- Full name: Agnese Duranti
- Born: 18 December 2000 (age 25)
- Height: 172 cm (5 ft 8 in)

Gymnastics career
- Discipline: Rhythmic gymnastics
- Country represented: Italy (2015-2024)
- Club: Polisportiva La Fenice
- Head coach: Emanuela Maccarani
- Choreographer: Federica Bagnera
- Retired: yes
- Medal record
Group Rhythmic Gymnastics
Olympic Games
Representing Italy
Olympic Games
| Bronze medal – third place | 2020 Tokyo | Group All-around |
| Bronze medal – third place | 2024 Paris | Group All-around |
World Championships
| Gold medal – first place | 2017 Pesaro | 5 Hoops |
| Gold medal – first place | 2018 Sofia | 3 Balls + 2 Ropes |
| Gold medal – first place | 2021 Kitakyushu | 3 Hoops + 4 Clubs |
| Gold medal – first place | 2022 Sofia | Team |
| Gold medal – first place | 2022 Sofia | 5 Hoops |
| Silver medal – second place | 2018 Sofia | Group All-around |
| Silver medal – second place | 2021 Kitakyushu | Team |
| Silver medal – second place | 2021 Kitakyushu | Group All-around |
| Silver medal – second place | 2021 Kitakyushu | 5 Balls |
| Silver medal – second place | 2022 Sofia | 3 Ribbons + 2 Balls |
| Bronze medal – third place | 2018 Sofia | 5 Hoops |
| Bronze medal – third place | 2019 Baku | 3 Hoops + 4 Clubs |
| Bronze medal – third place | 2023 Valencia | Team |
| Bronze medal – third place | 2023 Valencia | 5 Hoops |
European Championships
| Gold medal – first place | 2018 Guadalajara | 5 Hoops |
| Gold medal – first place | 2022 Tel Aviv | 5 Hoops |
| Gold medal – first place | 2022 Tel Aviv | 3 Ribbons + 2 Balls |
| Gold medal – first place | 2024 Budapest | 5 Hoops |
| Silver medal – second place | 2018 Guadalajara | Group All-around |
| Silver medal – second place | 2018 Guadalajara | 3 Balls + 2 Ropes |
| Silver medal – second place | 2021 Varna | Group All-around |
| Silver medal – second place | 2022 Tel Aviv | Group All-around |
| Silver medal – second place | 2022 Tel Aviv | Team |
| Silver medal – second place | 2024 Budapest | Team |
| Silver medal – second place | 2024 Budapest | Group All-around |
| Bronze medal – third place | 2021 Varna | 3 Hoops + 4 Clubs |
| Bronze medal – third place | 2023 Baku | 5 Hoops |
European Cup
| Silver medal – second place | 2024 Baku | All-around |
| Silver medal – second place | 2024 Baku | 5 Hoops |
| Silver medal – second place | 2024 Baku | 3 Ribbons + 2 Balls |

= Agnese Duranti =

Italian rhythmic gymnast (born 2000)

Agnese Duranti (born 18 December 2000) is an Italian group rhythmic gymnast. She was a member of the national squad from 2015 to 2024. She is a two-time (2020, 2024) Olympic Group All-around bronze medalist, a two-time (2018, 2021) World Group All-around silver medalist and four-time European (2018, 2021, 2022, 2024) Group All-around silver medalist.

==Career==
She took up rhythmic gymnastics in 2009 at age nine at the Polisportiva La Fenice club in Spoleto, Italy.

===Junior===
She first appeared in Italian National team in 2015, when she was a member of a junior group which competed at the 2015 European Junior Championships and placed 6th in Group All-around and 5th in 5 Balls Final.

===Senior===
At the 2017 World Championships in Pesaro, Italy she became World champion in 5 Hoops, missing the podium with the Italian group in the Group All-around competition, finishing in 4th place, just 0.025 points behind Japan.

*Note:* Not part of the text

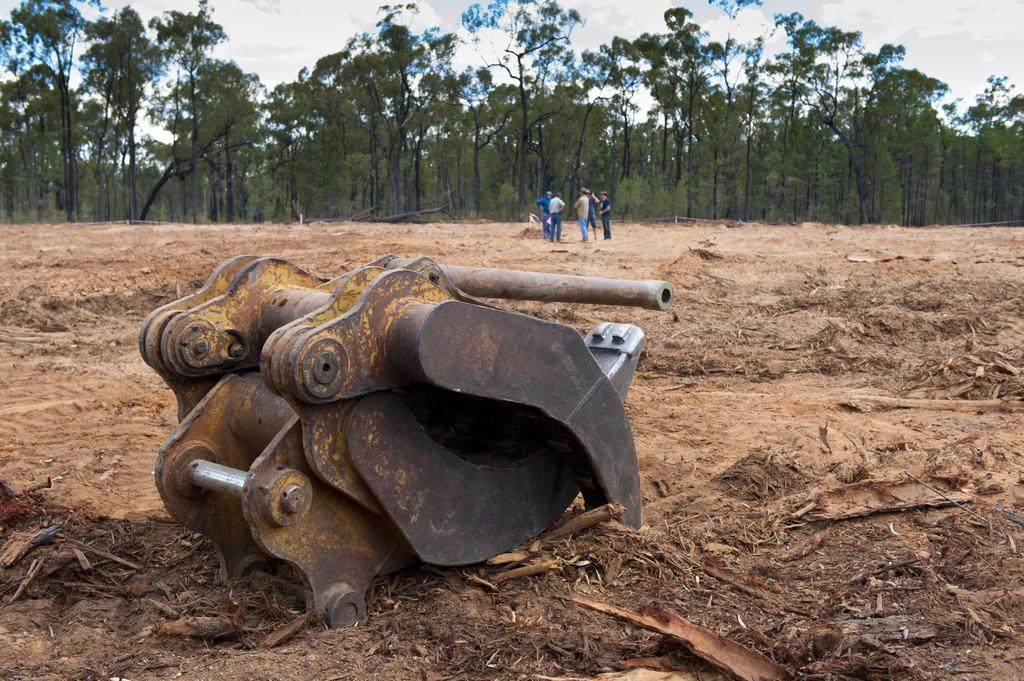What type of object is on the ground in the image? There is a metal object on the ground in the image. Who or what is present in the image besides the metal object? There are people standing in the image. What type of natural environment can be seen in the image? There are trees visible in the image. What is visible at the top of the image? The sky is visible at the top of the image. Are there any snakes visible in the image? There are no snakes present in the image. Is there a cave in the image? There is no cave visible in the image. 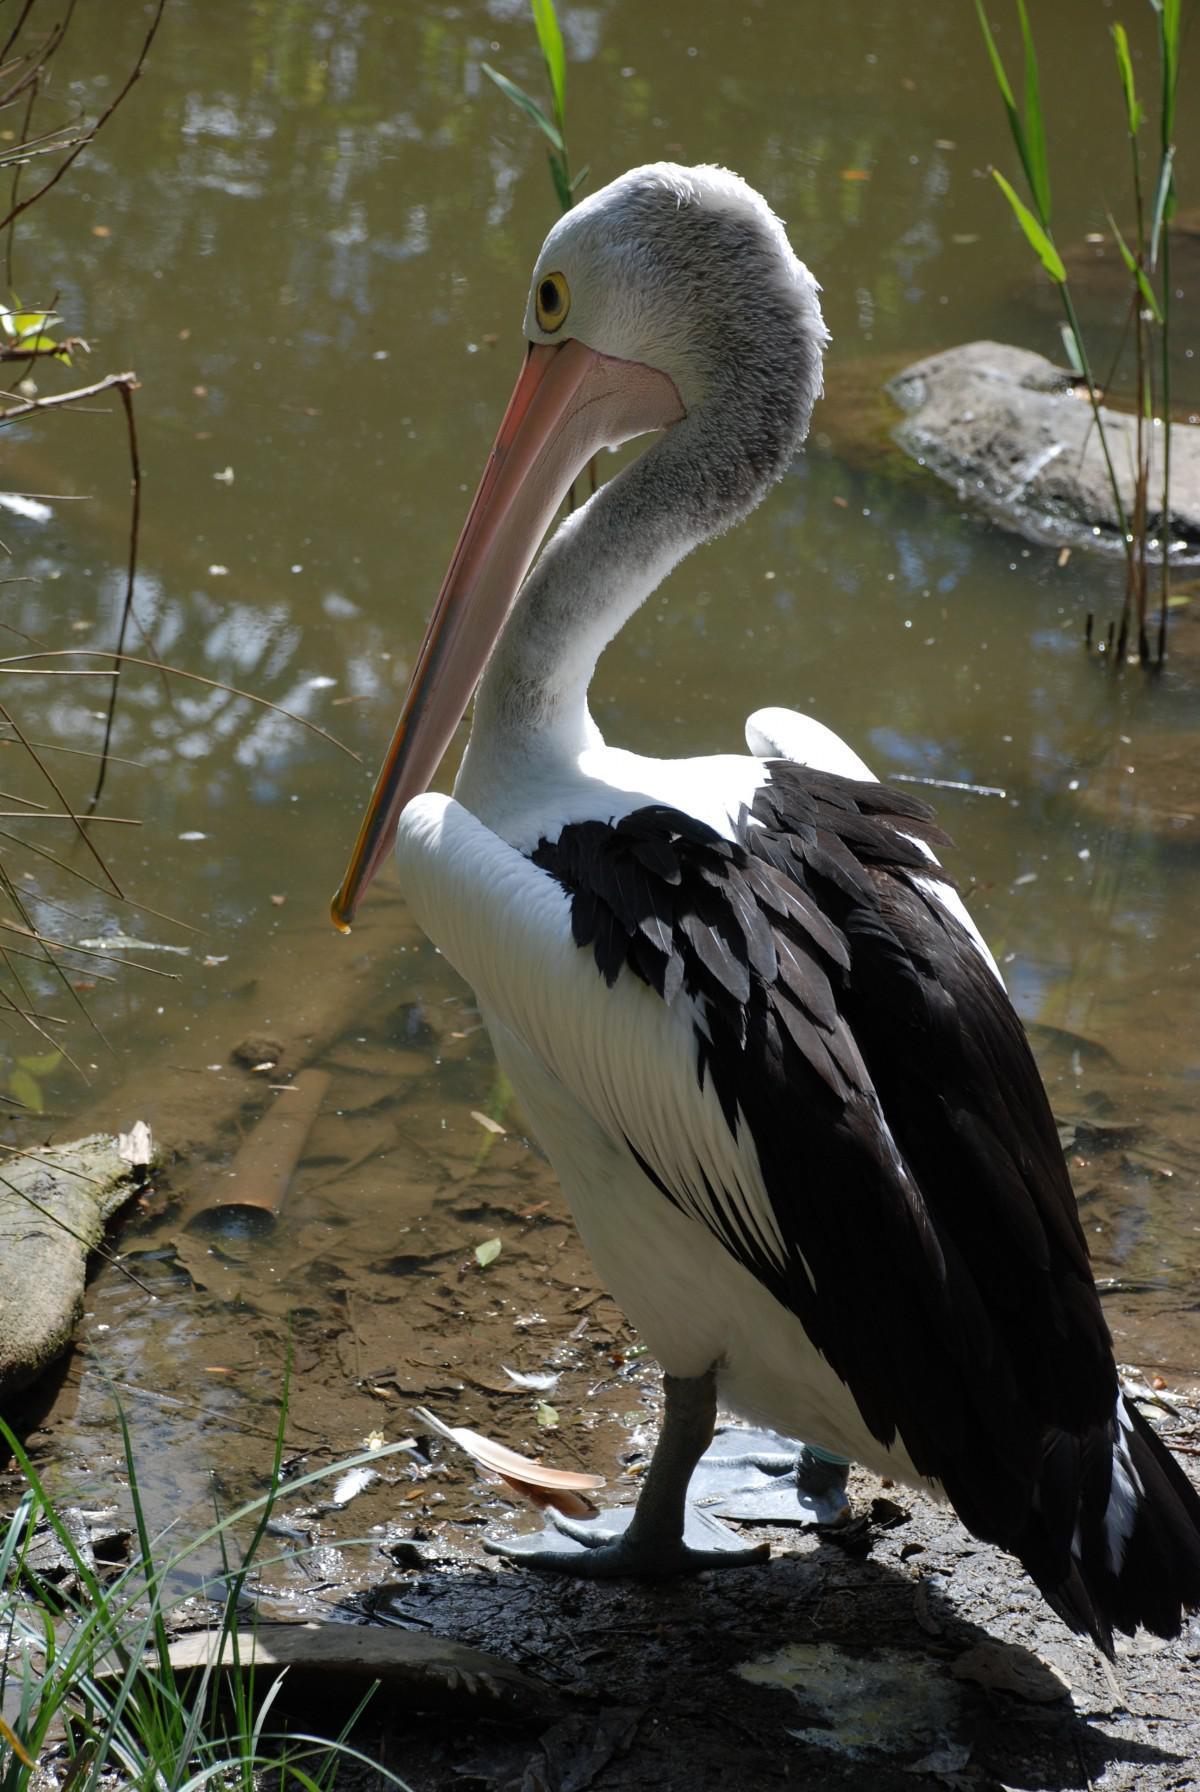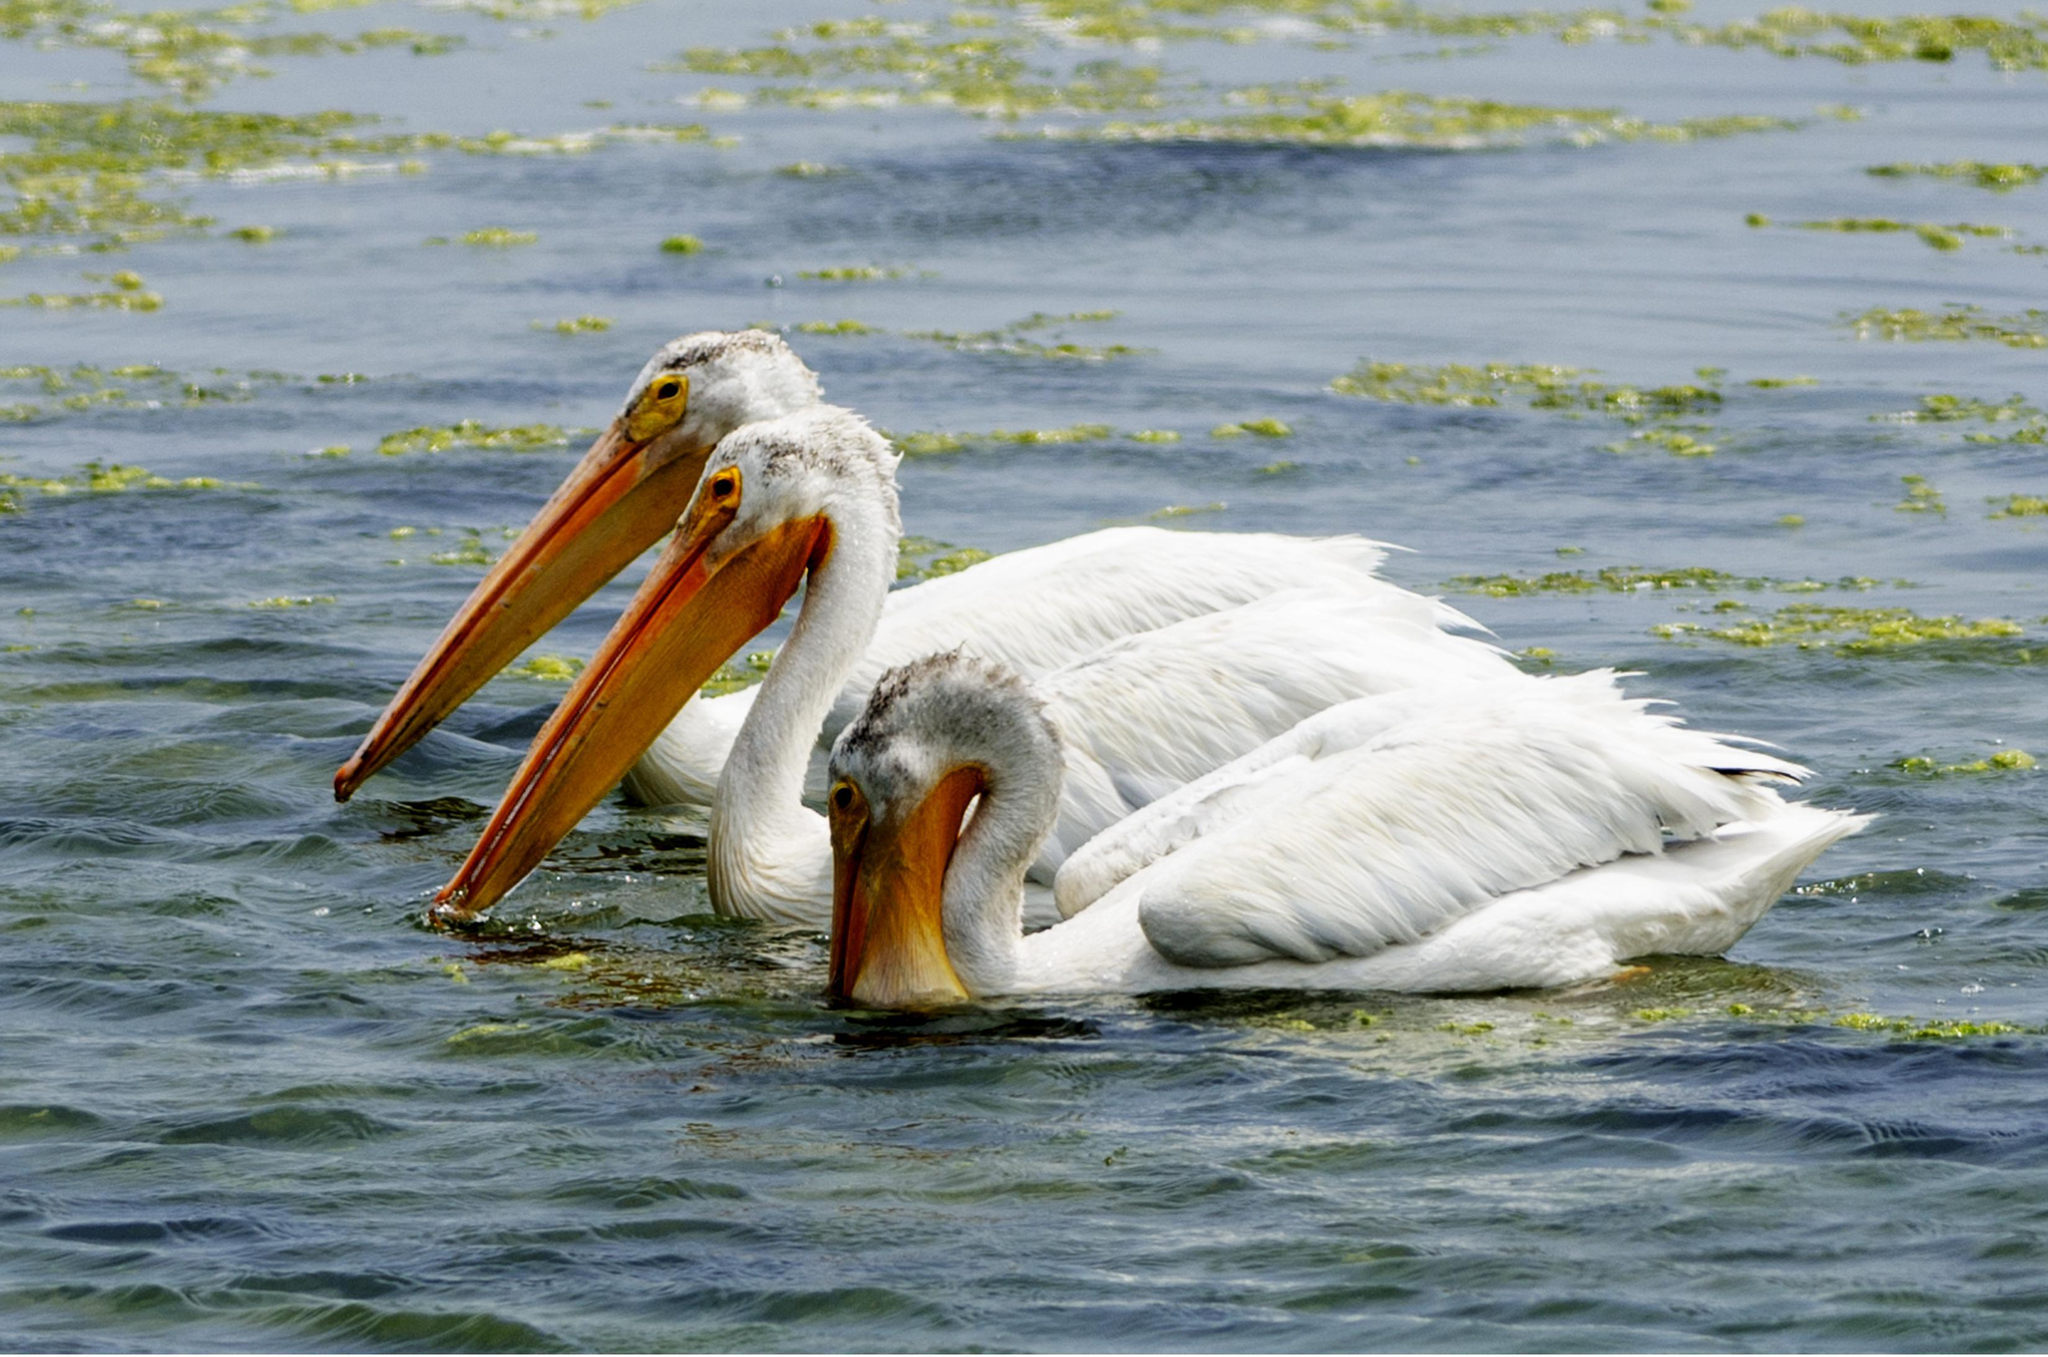The first image is the image on the left, the second image is the image on the right. For the images displayed, is the sentence "There are at least three birds standing on a dock." factually correct? Answer yes or no. No. The first image is the image on the left, the second image is the image on the right. For the images shown, is this caption "One of the images contains a single bird only." true? Answer yes or no. Yes.

Together with Anna Basta, Martina Centofanti, Letizia Cicconcelli, Alessia Maurelli and Martina Santandrea she participated at the 2018 European Championships in Guadalajara, Spain, where they won a gold medal in 5 Hoops and two silver medals in the Group All-around and in 3 Balls + 2 Ropes final. Another notable performance followed at the 2018 World Championships in Sofia, Bulgaria, with the title won in the mixed exercise with Balls and Ropes, in addition to the second place in the Group All-around, and finally the third place in 5 Hoops final. With placing in top 3 in Group All-around, they earned a spot for Italian team at the 2020 Olympic Games.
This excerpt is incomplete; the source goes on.